I would love to hear your comments and feedback so please engage.

I will also be writing a piece specific to Wholesale Pricing so look for that.

May Quality Be Ever In Your Glass

The DorkUncorked.

LRS Operators: Top 5 Ways to Increase Your Bottom Line

August 5, 2014 § Leave a comment

The following is not sexy or glamourous. It doesn’t involve fancy lunches, travel or even snazzy software. In fact you likely have all the ingredients currently at your fingertips.

#1 Weekly Shelf Adjustments to accommodate new products, seasonal transitions, and changing market conditions.
This is definitely not sexy, but has a ton of impact. Studies over the last 50 years have all concluded the same thing. Consistent adjustments can lead to 3-5% increase in your bottom line per year.

#2 Re-organize your data into categories that best reflect your brand and your customers.
Every LRS fills a unique market position and has a different consumer base. Why your customers shop with you should be reflected in the categories you analyze. Looking at your business in the same way as everyone else only tells your staff and your customers that you are no different. Creating clear points of distinction not only creates loyal customers but is also the best way to increase your profits.

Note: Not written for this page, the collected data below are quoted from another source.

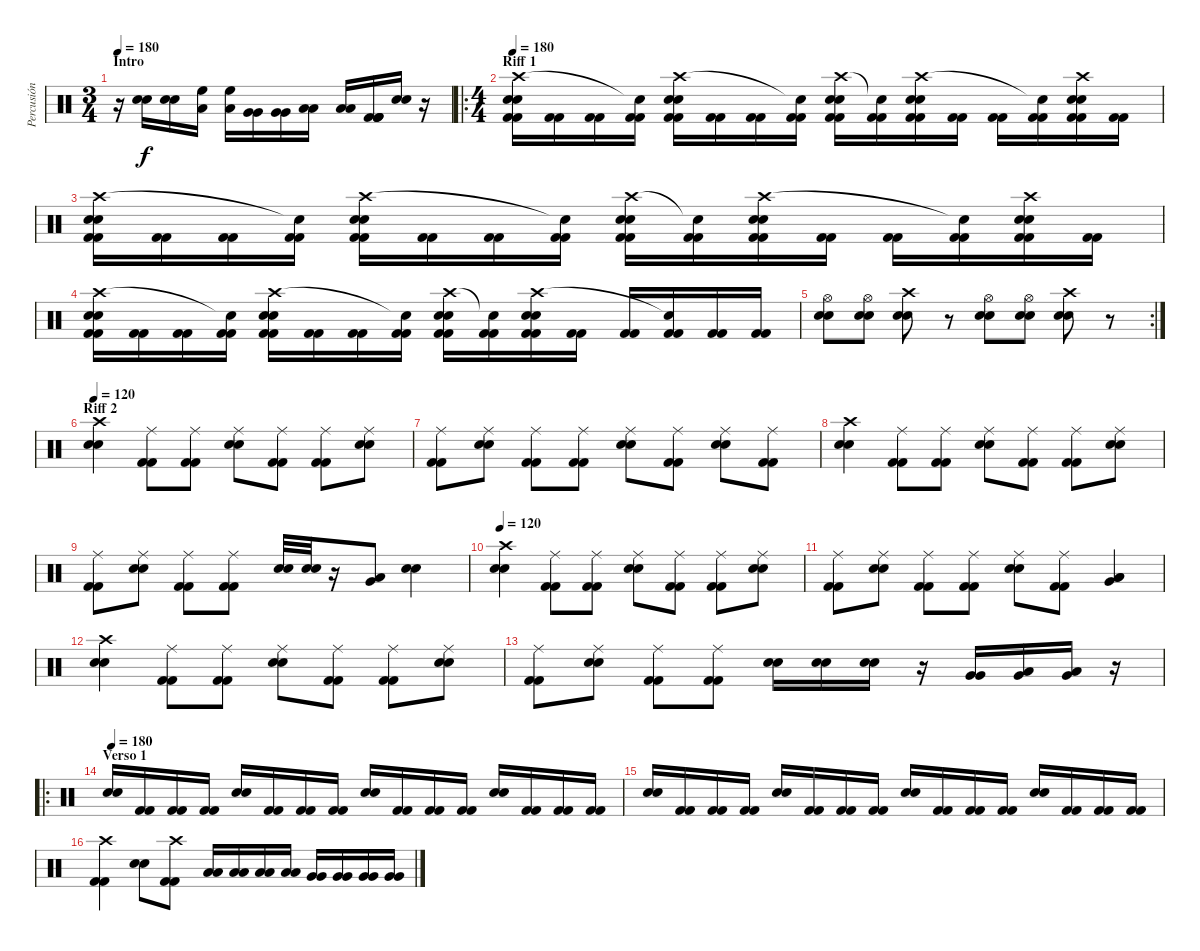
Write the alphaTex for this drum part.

\track ("Percusión" "Percusión") {instrument percussion}
\staff {score}
\articulation defaults
\ts (3 4)
\section ("" "Intro")
\tempo 180
\tempo 120
\tempo 180
\clef neutral
\ks c
r.16{dy f} ("Snare (hit) 2" "Snare (hit) 2").16 ("Snare (hit) 2" "Snare (hit) 2").16 ("High Floor Tom (hit)" "Low Tom (hit)").16 ("High Floor Tom (hit)" "Low Tom (hit)").16 ("Very Low Tom (hit)" "Very Low Tom (hit)").16 ("Very Low Tom (hit)" "Very Low Tom (hit)").16 ("Low Tom (hit)" "Low Tom (hit)").16 ("Low Tom (hit)" "Low Tom (hit)").16 ("Kick (hit) 2" "Kick (hit) 2" "Kick (hit) 2" "Kick (hit) 2").16 ("Snare (hit) 2" "Snare (hit) 2").16 r.16 |
\ro
\ts (4 4)
\section ("" "Riff 1")
\tempo 180
("Kick (hit) 2" "Kick (hit) 2" "Crash high (hit)" "Snare (hit) 2" "Snare (hit) 2").16 ("Kick (hit) 2" "Kick (hit) 2").16 ("Kick (hit) 2" "Kick (hit) 2").16 ("Kick (hit) 2" "Kick (hit) 2" "Snare (hit)"{t}).16 ("Kick (hit) 2" "Kick (hit) 2" "Crash high (hit)" "Snare (hit) 2" "Snare (hit) 2").16 ("Kick (hit) 2" "Kick (hit) 2").16 ("Kick (hit) 2" "Kick (hit) 2").16 ("Kick (hit) 2" "Kick (hit) 2" "Snare (hit)"{t}).16 ("Kick (hit) 2" "Kick (hit) 2" "Crash high (hit)" "Snare (hit) 2" "Snare (hit) 2").16 ("Kick (hit) 2" "Kick (hit) 2" "Snare (hit)"{t}).16 ("Kick (hit) 2" "Kick (hit) 2" "Crash high (hit)" "Snare (hit) 2" "Snare (hit) 2").16 ("Kick (hit) 2" "Kick (hit) 2").16 ("Kick (hit) 2" "Kick (hit) 2").16 ("Kick (hit) 2" "Kick (hit) 2" "Snare (hit)"{t}).16 ("Kick (hit) 2" "Kick (hit) 2" "Crash high (hit)" "Snare (hit) 2" "Snare (hit) 2").16 ("Kick (hit) 2" "Kick (hit) 2").16 |
("Kick (hit) 2" "Kick (hit) 2" "Crash high (hit)" "Snare (hit) 2" "Snare (hit) 2").16 ("Kick (hit) 2" "Kick (hit) 2").16 ("Kick (hit) 2" "Kick (hit) 2").16 ("Kick (hit) 2" "Kick (hit) 2" "Snare (hit)"{t}).16 ("Kick (hit) 2" "Kick (hit) 2" "Crash high (hit)" "Snare (hit) 2" "Snare (hit) 2").16 ("Kick (hit) 2" "Kick (hit) 2").16 ("Kick (hit) 2" "Kick (hit) 2").16 ("Kick (hit) 2" "Kick (hit) 2" "Snare (hit)"{t}).16 ("Kick (hit) 2" "Kick (hit) 2" "Crash high (hit)" "Snare (hit) 2" "Snare (hit) 2").16 ("Kick (hit) 2" "Kick (hit) 2" "Snare (hit)"{t}).16 ("Kick (hit) 2" "Kick (hit) 2" "Crash high (hit)" "Snare (hit) 2" "Snare (hit) 2").16 ("Kick (hit) 2" "Kick (hit) 2").16 ("Kick (hit) 2" "Kick (hit) 2").16 ("Kick (hit) 2" "Kick (hit) 2" "Snare (hit)"{t}).16 ("Kick (hit) 2" "Kick (hit) 2" "Crash high (hit)" "Snare (hit) 2" "Snare (hit) 2").16 ("Kick (hit) 2" "Kick (hit) 2").16 |
("Kick (hit) 2" "Kick (hit) 2" "Crash high (hit)" "Snare (hit) 2" "Snare (hit) 2").16 ("Kick (hit) 2" "Kick (hit) 2").16 ("Kick (hit) 2" "Kick (hit) 2").16 ("Kick (hit) 2" "Kick (hit) 2" "Snare (hit)"{t}).16 ("Kick (hit) 2" "Kick (hit) 2" "Crash high (hit)" "Snare (hit) 2" "Snare (hit) 2").16 ("Kick (hit) 2" "Kick (hit) 2").16 ("Kick (hit) 2" "Kick (hit) 2").16 ("Kick (hit) 2" "Kick (hit) 2" "Snare (hit)"{t}).16 ("Kick (hit) 2" "Kick (hit) 2" "Crash high (hit)" "Snare (hit) 2" "Snare (hit) 2").16 ("Kick (hit) 2" "Kick (hit) 2" "Snare (hit)"{t}).16 ("Kick (hit) 2" "Kick (hit) 2" "Crash high (hit)" "Snare (hit) 2" "Snare (hit) 2").16 ("Kick (hit) 2" "Kick (hit) 2").16 ("Kick (hit) 2" "Kick (hit) 2").16 ("Kick (hit) 2" "Kick (hit) 2" "Snare (hit)"{t}).16 ("Kick (hit) 2" "Kick (hit) 2").16 ("Kick (hit) 2" "Kick (hit) 2").16 |
\rc 2
("Hi-Hat (open)" "Snare (hit) 2" "Snare (hit) 2").8 ("Hi-Hat (open)" "Snare (hit) 2" "Snare (hit) 2").8 ("Crash high (hit)" "Snare (hit) 2" "Snare (hit) 2").8 r.8 ("Hi-Hat (open)" "Snare (hit) 2" "Snare (hit) 2").8 ("Hi-Hat (open)" "Snare (hit) 2" "Snare (hit) 2").8 ("Crash high (hit)" "Snare (hit) 2" "Snare (hit) 2").8 r.8 |
\section ("" "Riff 2")
\tempo 120
("Crash high (hit)" "Snare (hit) 2" "Snare (hit) 2").4 ("Ride (middle)" "Kick (hit) 2" "Kick (hit) 2").8 ("Ride (middle)" "Kick (hit) 2" "Kick (hit) 2").8 ("Ride (middle)" "Snare (hit) 2" "Snare (hit) 2").8 ("Ride (middle)" "Kick (hit) 2" "Kick (hit) 2").8 ("Ride (middle)" "Kick (hit) 2" "Kick (hit) 2").8 ("Ride (middle)" "Snare (hit) 2" "Snare (hit) 2").8 |
("Ride (middle)" "Kick (hit) 2" "Kick (hit) 2").8 ("Ride (middle)" "Snare (hit) 2" "Snare (hit) 2").8 ("Ride (middle)" "Kick (hit) 2" "Kick (hit) 2").8 ("Ride (middle)" "Kick (hit) 2" "Kick (hit) 2").8 ("Ride (middle)" "Snare (hit) 2" "Snare (hit) 2").8 ("Ride (middle)" "Kick (hit) 2" "Kick (hit) 2").8 ("Ride (middle)" "Snare (hit) 2" "Snare (hit) 2").8 ("Ride (middle)" "Kick (hit) 2" "Kick (hit) 2").8 |
("Crash high (hit)" "Snare (hit) 2" "Snare (hit) 2").4 ("Ride (middle)" "Kick (hit) 2" "Kick (hit) 2").8 ("Ride (middle)" "Kick (hit) 2" "Kick (hit) 2").8 ("Ride (middle)" "Snare (hit) 2" "Snare (hit) 2").8 ("Ride (middle)" "Kick (hit) 2" "Kick (hit) 2").8 ("Ride (middle)" "Kick (hit) 2" "Kick (hit) 2").8 ("Ride (middle)" "Snare (hit) 2" "Snare (hit) 2").8 |
("Ride (middle)" "Kick (hit) 2" "Kick (hit) 2").8 ("Ride (middle)" "Snare (hit) 2" "Snare (hit) 2").8 ("Ride (middle)" "Kick (hit) 2" "Kick (hit) 2").8 ("Ride (middle)" "Kick (hit) 2" "Kick (hit) 2").8 ("Electric Snare (hit)" "Electric Snare (hit)").32 ("Electric Snare (hit)" "Electric Snare (hit)").32 r.16 ("Very Low Tom (hit)" "Low Floor Tom (hit)").8 ("Snare (hit) 2" "Snare (hit) 2").4 |
\tempo 120
("Crash high (hit)" "Snare (hit) 2" "Snare (hit) 2").4 ("Ride (middle)" "Kick (hit) 2" "Kick (hit) 2").8 ("Ride (middle)" "Kick (hit) 2" "Kick (hit) 2").8 ("Ride (middle)" "Snare (hit) 2" "Snare (hit) 2").8 ("Ride (middle)" "Kick (hit) 2" "Kick (hit) 2").8 ("Ride (middle)" "Kick (hit) 2" "Kick (hit) 2").8 ("Ride (middle)" "Snare (hit) 2" "Snare (hit) 2").8 |
("Ride (middle)" "Kick (hit) 2" "Kick (hit) 2").8 ("Ride (middle)" "Snare (hit) 2" "Snare (hit) 2").8 ("Ride (middle)" "Kick (hit) 2" "Kick (hit) 2").8 ("Ride (middle)" "Kick (hit) 2" "Kick (hit) 2").8 ("Ride (middle)" "Snare (hit) 2" "Snare (hit) 2").8 ("Ride (middle)" "Kick (hit) 2" "Kick (hit) 2").8 ("Low Tom (hit)" "Very Low Tom (hit)" "Low Floor Tom (hit)").4 |
("Crash high (hit)" "Snare (hit) 2" "Snare (hit) 2").4 ("Ride (middle)" "Kick (hit) 2" "Kick (hit) 2").8 ("Ride (middle)" "Kick (hit) 2" "Kick (hit) 2").8 ("Ride (middle)" "Snare (hit) 2" "Snare (hit) 2").8 ("Ride (middle)" "Kick (hit) 2" "Kick (hit) 2").8 ("Ride (middle)" "Kick (hit) 2" "Kick (hit) 2").8 ("Ride (middle)" "Snare (hit) 2" "Snare (hit) 2").8 |
("Ride (middle)" "Kick (hit) 2" "Kick (hit) 2").8 ("Ride (middle)" "Snare (hit) 2" "Snare (hit) 2").8 ("Ride (middle)" "Kick (hit) 2" "Kick (hit) 2").8 ("Ride (middle)" "Kick (hit) 2" "Kick (hit) 2").8 ("Snare (hit) 2" "Snare (hit) 2").16 ("Snare (hit) 2" "Snare (hit) 2").16 ("Snare (hit) 2" "Snare (hit) 2").16 r.16 ("Very Low Tom (hit)" "Very Low Tom (hit)").16 ("Very Low Tom (hit)" "Low Floor Tom (hit)").16 ("Very Low Tom (hit)" "Low Floor Tom (hit)").16 r.16 |
\ro
\section ("" "Verso 1")
\tempo 180
("Snare (hit) 2" "Snare (hit) 2").16 ("Kick (hit) 2" "Kick (hit) 2").16 ("Kick (hit) 2" "Kick (hit) 2").16 ("Kick (hit) 2" "Kick (hit) 2").16 ("Snare (hit) 2" "Snare (hit) 2").16 ("Kick (hit) 2" "Kick (hit) 2").16 ("Kick (hit) 2" "Kick (hit) 2").16 ("Kick (hit) 2" "Kick (hit) 2").16 ("Snare (hit) 2" "Snare (hit) 2").16 ("Kick (hit) 2" "Kick (hit) 2").16 ("Kick (hit) 2" "Kick (hit) 2").16 ("Kick (hit) 2" "Kick (hit) 2").16 ("Snare (hit) 2" "Snare (hit) 2").16 ("Kick (hit) 2" "Kick (hit) 2").16 ("Kick (hit) 2" "Kick (hit) 2").16 ("Kick (hit) 2" "Kick (hit) 2").16 |
("Snare (hit) 2" "Snare (hit) 2").16 ("Kick (hit) 2" "Kick (hit) 2").16 ("Kick (hit) 2" "Kick (hit) 2").16 ("Kick (hit) 2" "Kick (hit) 2").16 ("Snare (hit) 2" "Snare (hit) 2").16 ("Kick (hit) 2" "Kick (hit) 2").16 ("Kick (hit) 2" "Kick (hit) 2").16 ("Kick (hit) 2" "Kick (hit) 2").16 ("Snare (hit) 2" "Snare (hit) 2").16 ("Kick (hit) 2" "Kick (hit) 2").16 ("Kick (hit) 2" "Kick (hit) 2").16 ("Kick (hit) 2" "Kick (hit) 2").16 ("Snare (hit) 2" "Snare (hit) 2").16 ("Kick (hit) 2" "Kick (hit) 2").16 ("Kick (hit) 2" "Kick (hit) 2").16 ("Kick (hit) 2" "Kick (hit) 2").16 |
("Crash high (hit)" "Kick (hit) 2" "Kick (hit) 2").4 ("Snare (hit) 2" "Snare (hit) 2").8 ("Crash high (hit)" "Kick (hit) 2" "Kick (hit) 2").8 ("Low Tom (hit)" "Low Tom (hit)").16 ("Low Tom (hit)" "Low Tom (hit)").16 ("Low Tom (hit)" "Low Tom (hit)").16 ("Low Tom (hit)" "Low Tom (hit)").16 ("Very Low Tom (hit)" "Very Low Tom (hit)").16 ("Very Low Tom (hit)" "Very Low Tom (hit)").16 ("Very Low Tom (hit)" "Very Low Tom (hit)").16 ("Very Low Tom (hit)" "Very Low Tom (hit)").16

#3 Establish timely and simple measurements to stay on top of changes in consumer preferences.
Customers tastes and demands can change on a dime, not responding to these changes means you can’t possibly have the right product, at the right time and at the right price. Establishing simple and timely measurements can point to budding trends and therefore new opportunities to profit.

#4 Re-establish win-win relationships with vendors by managing categories and not products.
New product introductions, promotions, and pricing actions will have impact over entire categories and not just on one product. By effectively managing categories you create situations where the vendor wins, your bottom line wins and, more importantly, your customer wins.

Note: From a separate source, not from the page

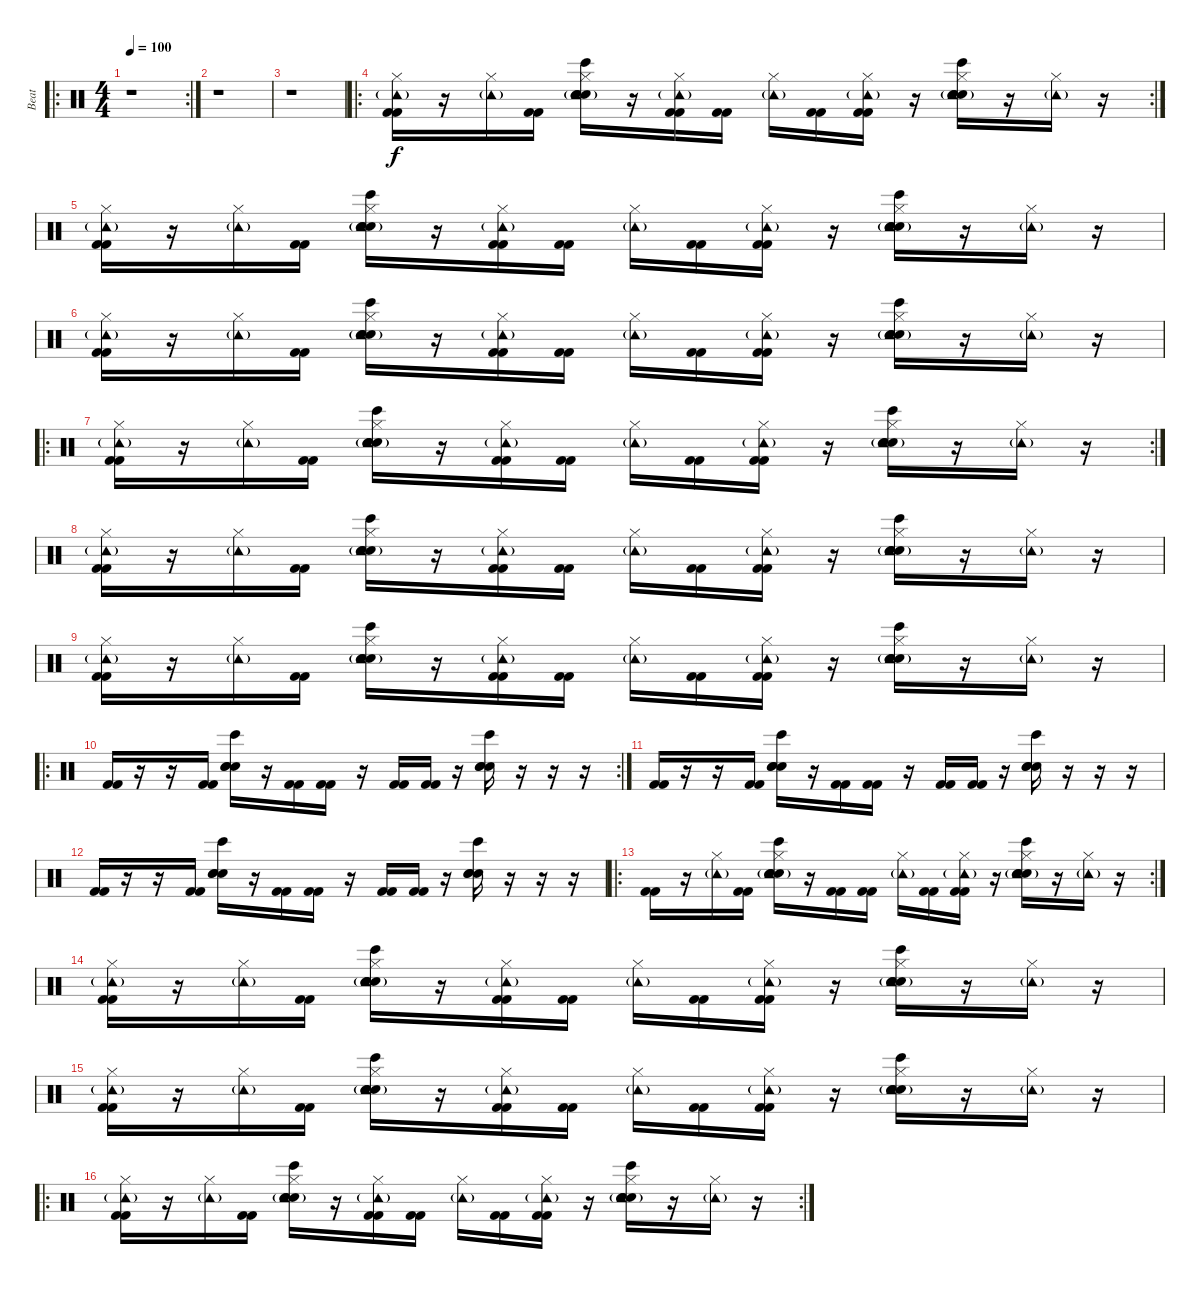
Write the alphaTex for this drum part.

#5 Know which LTO’s to pass along and when.
This is remarkably simple to do and can save you a ton of wasted price reductions. It is amazing how much money is needlessly lost by pushing through price reductions without first understanding how much a product needs to increase its sales to breakeven.

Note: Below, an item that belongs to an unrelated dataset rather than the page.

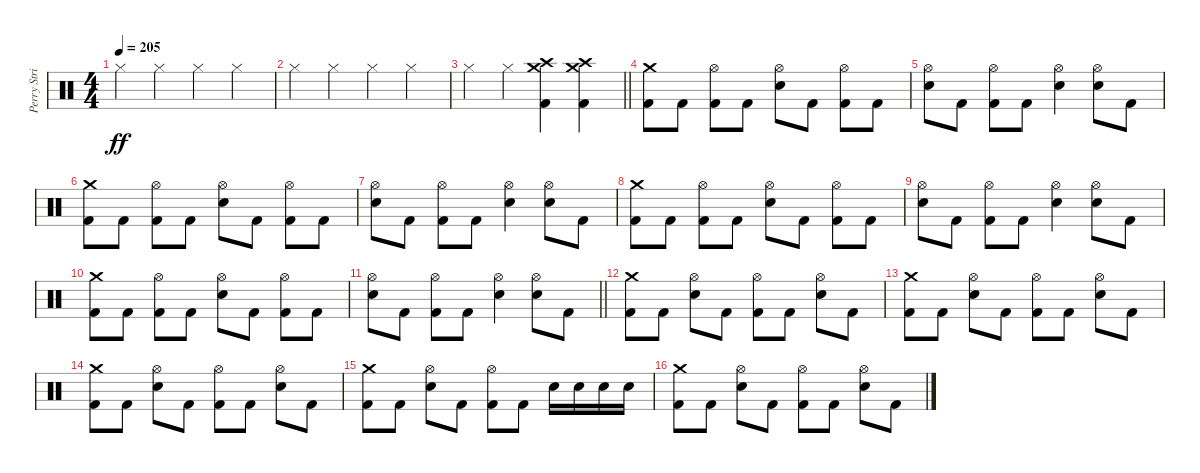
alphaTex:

If you would like more details on these just let me know via the comments or by contacting me at rodphillips@telus.net or calling me at 1-250-800-0072

Cheers

DorkUncorked

BC Liquor Review: Hoping

January 10, 2014 § Leave a comment

I’m hoping that the government, policy writers, stakeholders ask one question when it comes to the plethora of rules and regulations surrounding BC’s Liquor Industry: Why?

The fact is that although there are hundreds of pages of law and documentation, BC’s Liquor industry is enveloped in millions of pages of policy. Often this policy has the opposite effect of its intention or it is in direct conflict with another policy.

If the threshold is truly public safety and revenue, then every policy should be put to that test. Why do we have this policy? Is there data to suggest that it is effective in insuring public safety? Is there truly a threat? Does the policy restrict the government’s ability to generate revenue or increase it?

When I talk to people about the liquor industry their eyes glaze over. Why because to have some understanding of the issues one must mentally walk through a quagmire of policy directives that often defy rationality.

The liquor review provides an opportunity to fix this, so I’m hoping that someone in government simply asks the question Why?